All four candidates running to succeed U.S. Representative Michele Bachmann in Minnesota’s 6th Congressional District are running on their intent to reverse budget deficits allegedly piled up during the Obama era.  As Minnesota Public Radio’s (MPR) Brett Neely reports:

“So far, there’s little in the way of policy differences that separates the four candidates.  They’re all sticking with the national GOP’s message about what ails Washington.

GOP candidate Rhonda Sivarajah:  “The debt.”

GOP candidate Phil Krinkie:  “Out of control spending.”

GOP candidate Tom Emmer:  “Bureaucrats.”

GOP candidate John Pederson:  “The deficit.”

The same can be said of the Republicans challenging Senator Al Franken, Governor Mark Dayton, and every other DFL incumbent.  This should come as no surprise.  “The national GOP message” is based on public opinion research, and polls show that an overwhelming number of Americans are concerned about the deficit.  For instance, about 90 percent of Americans surveyed in a Bloomberg poll believed that the deficit is getting worse (62 percent) or not improving (28 percent), with only 6 percent saying that the deficit is decreasing.

In other words, the Republican message is selling with Americans.  This bodes well for them in the 2014 mid-term elections.

 The Myth of “Skyrocketing Deficits”

It’s worth noting that 90 percent of Americans are wrong about the state of the deficit.  In an article titled “The Best Kept Secret In American Politics-Federal Budget Deficits Are Actually Shrinking!,” Forbes magazine notes:

Over the first four years of the Obama presidency, the deficit shrunk by a total of $300 billion dollars.  The improvement in the deficit as measured against GDP is the direct result of the deficit falling to $845 billion for fiscal year 2013—a $300 billion improvement over the previous year. And the positive trend is projected to continue though the next fiscal year where the the annual budgetary deficit will fall again to $430 billion.

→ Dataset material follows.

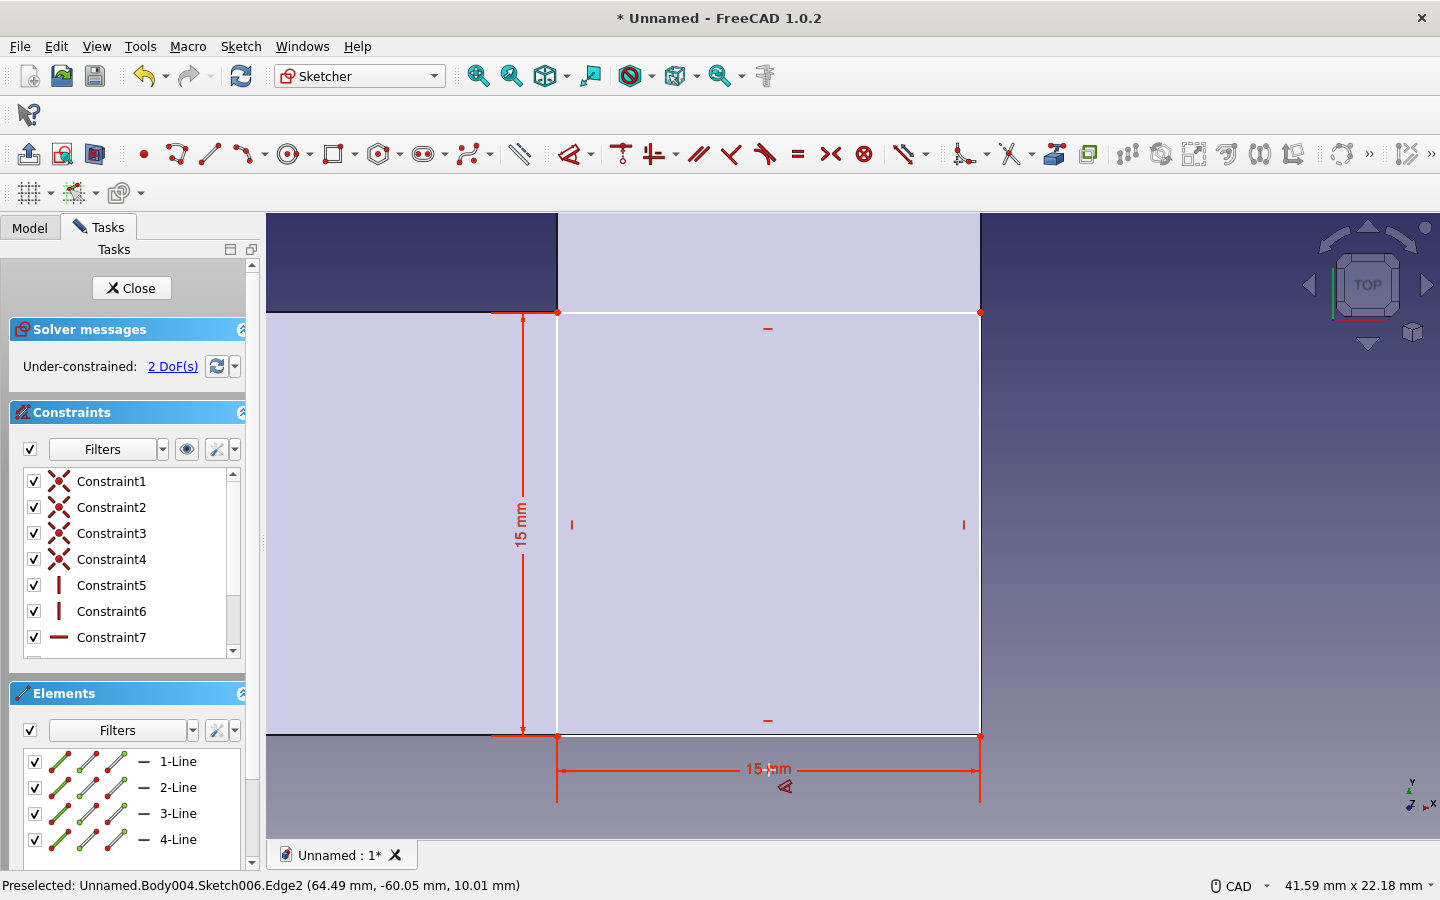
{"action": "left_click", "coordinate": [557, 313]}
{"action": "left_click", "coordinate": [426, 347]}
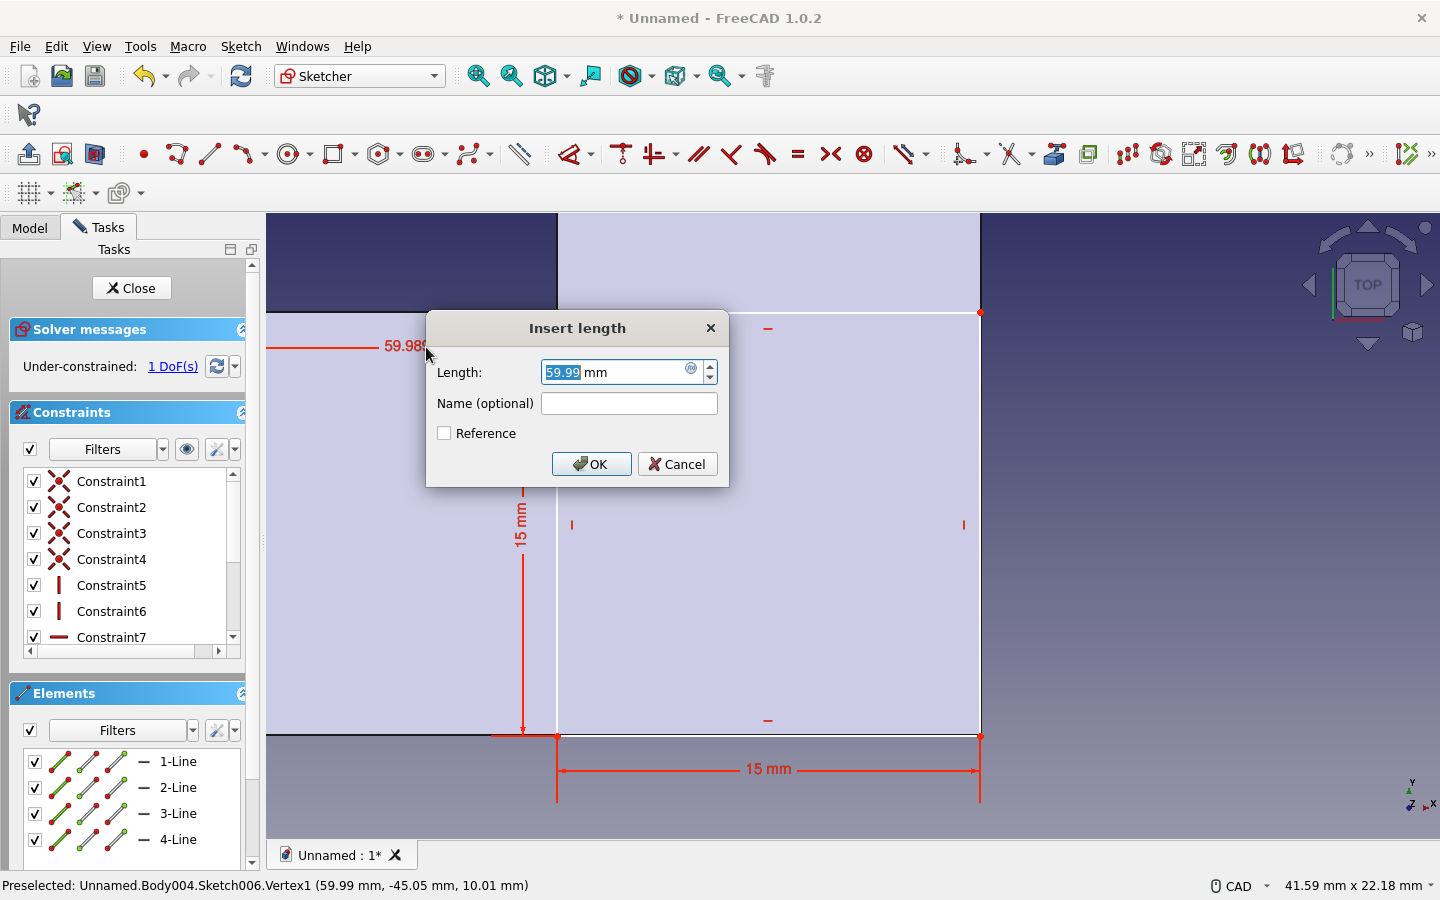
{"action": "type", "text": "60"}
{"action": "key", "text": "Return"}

More recently, the deficit outlook has further stabilized. As CNN Money reported in May 2013:

By 2015, the deficit will fall to its lowest point of the next decade – 2.1% of GDP. And it will remain below 3% until 2019, at which point it will start to increase again. Deficits below 3% are considered sustainable because it means budget shortfalls are not growing faster than the economy.

Still, perception is reality in politics, so conservatives can be expected to milk this inaccurate “the deficit is skyrocketing” myth for all it is worth.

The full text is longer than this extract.